Paul Ryan Steps Down

In the midst of a slow-moving crisis, one never knows when a turning point has arrived. After a slow dribble of news for months, how many realized the “Saturday night massacre” was the moment Nixon was done? It was only in retrospect, after Nixon didn’t press the government into a Constitutional crisis, that we could see that was the pivotal moment.

Because so much of what Trump does is orders of magnitude more bizarre and norm-shattering than previous presidents, his tenure seems to resist the “pivotal moment” narrative. And yet, it feels like something has shifted this week.

There’s the usual parade of horribles, though this week was especially bad (the raid on his lawyer’s house, the unfolding Pruitt corruption scandal, Jim Comey’s book, stories about a secret love child, his weird battle against Bezos/post office, etc). But something more significant happened when Paul Ryan stepped aside. Trump’s position of relative strength has always depended on his Congressional lackeys. As long as he could run a deeply corrupt, chaotic, and imcompetent administration without losing their support, he has been untouchable.

Much is arrayed against him, though. His approval is maddeningly high for his actual performance, but historically low. He has made enemies with federal law enforcement and rank-and-file federal workers.
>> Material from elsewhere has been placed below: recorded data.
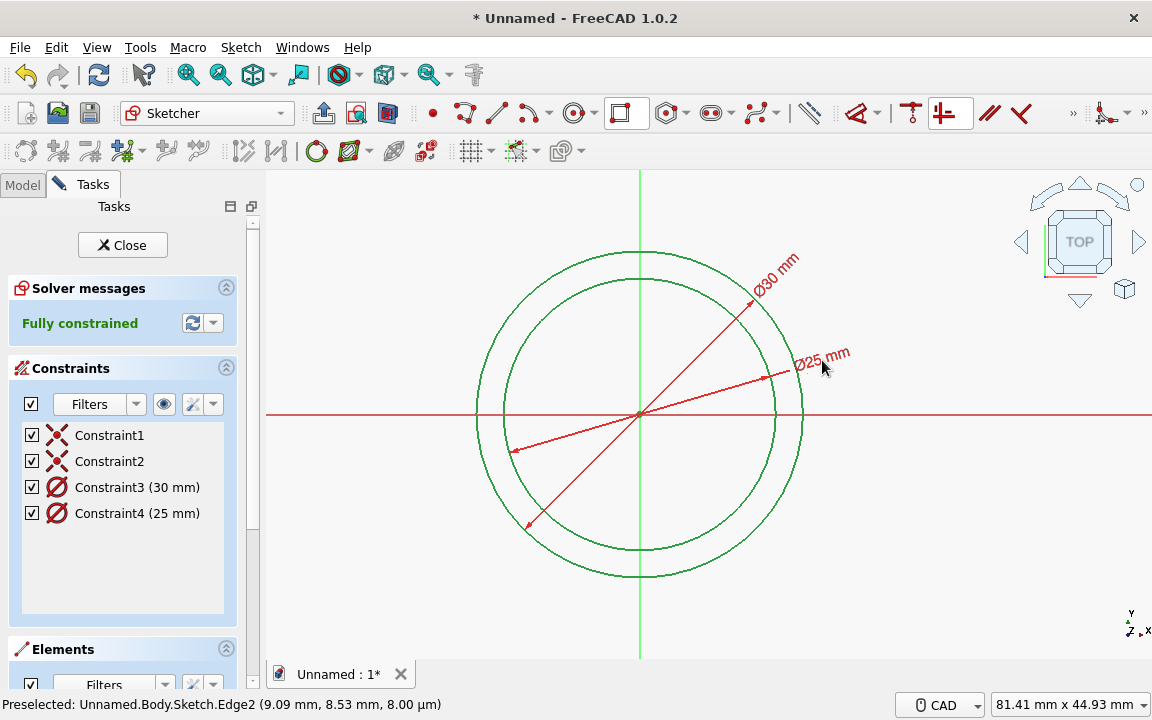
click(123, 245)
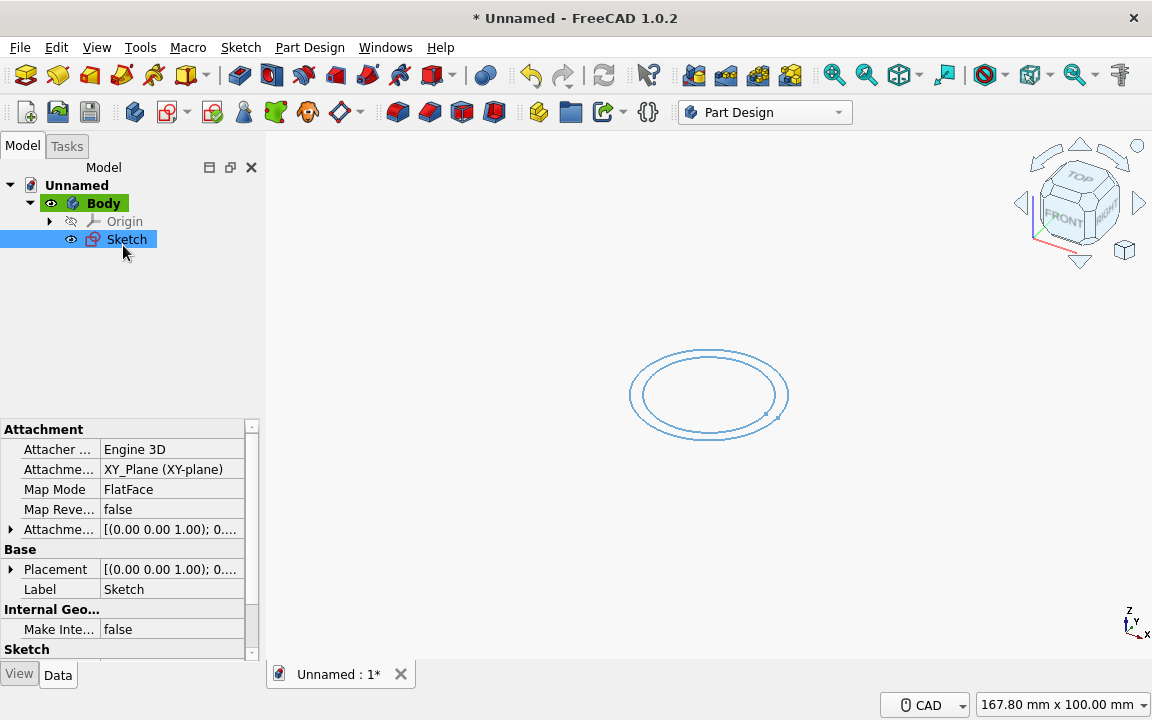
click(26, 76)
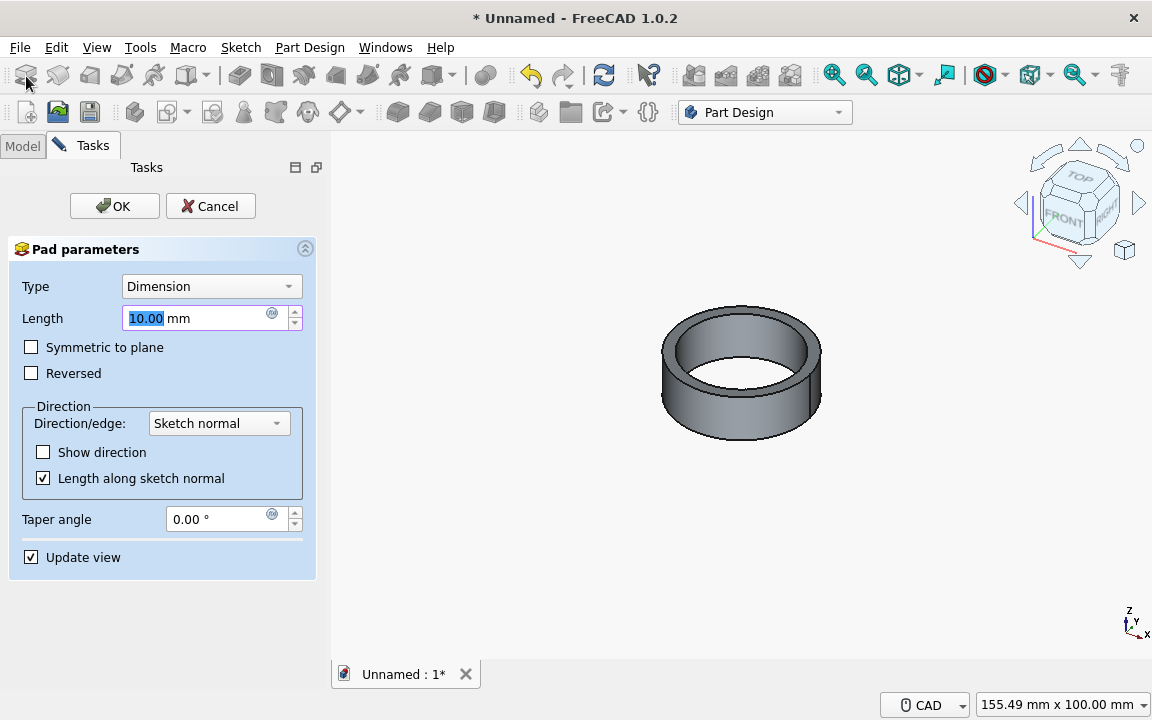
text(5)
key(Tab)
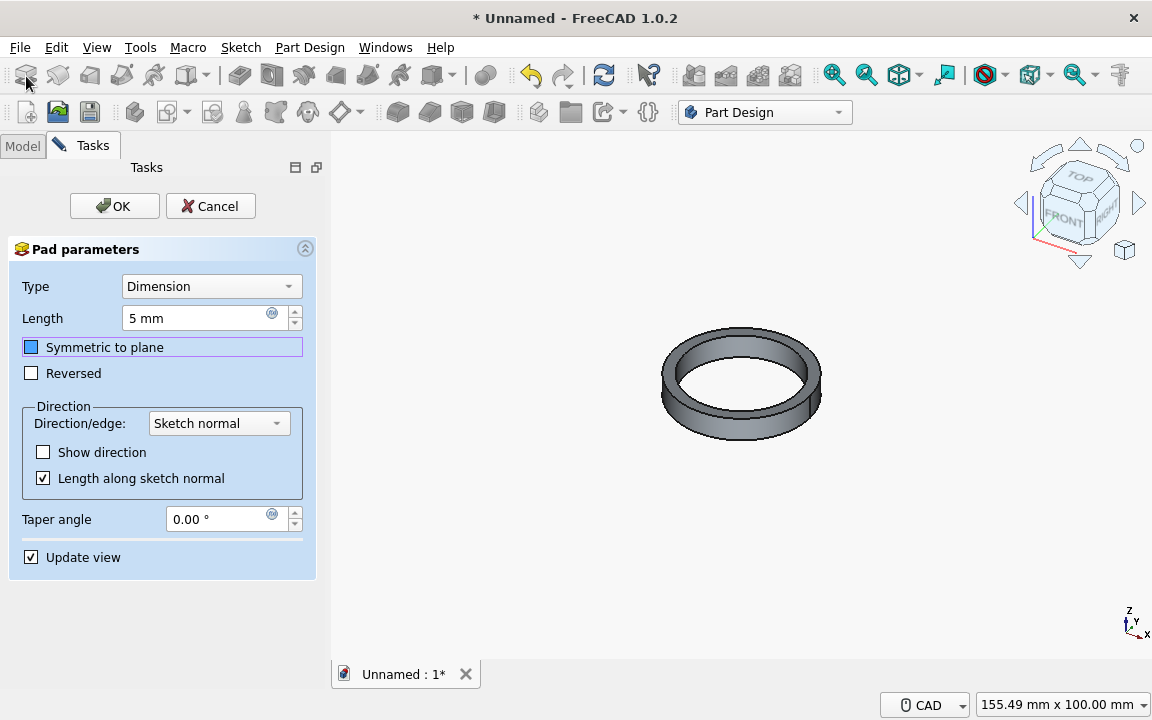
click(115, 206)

Democrats are not just planning their anti-Trump strategy, but using the disaster of his presidency to entirely reorder politics in the US, overturning GOP structural advantages and entirely dispensing with GOP-defined right wing conventional wisdom on issues across the board. So long as that Democratic project looked like typical Democratic blue sky talk they couldn’t deliver on, ¯\_(ツ)_/¯.

But into this 18-month stalemate of the Trump era, Paul Ryan’s retirement looks like a hole in the dike. If the power centers of the Republican Party can no longer manage the balance between their rabid base and the realities of this administration, Trump’s position becomes far more tenuous. We tend to think of his problems as fundamentally legal—that’s the footing of the Mueller probe—but they’ve always been political. There is no Constitutional remedy for Trump except the political (the use of the 25th amendment, in this case, very much included). Trump has survived not in spite of his corruption and incompetence, but because of Congressional GOP support. If that softens, things could change quickly and dramatically. This week, it felt like that softening was becoming real.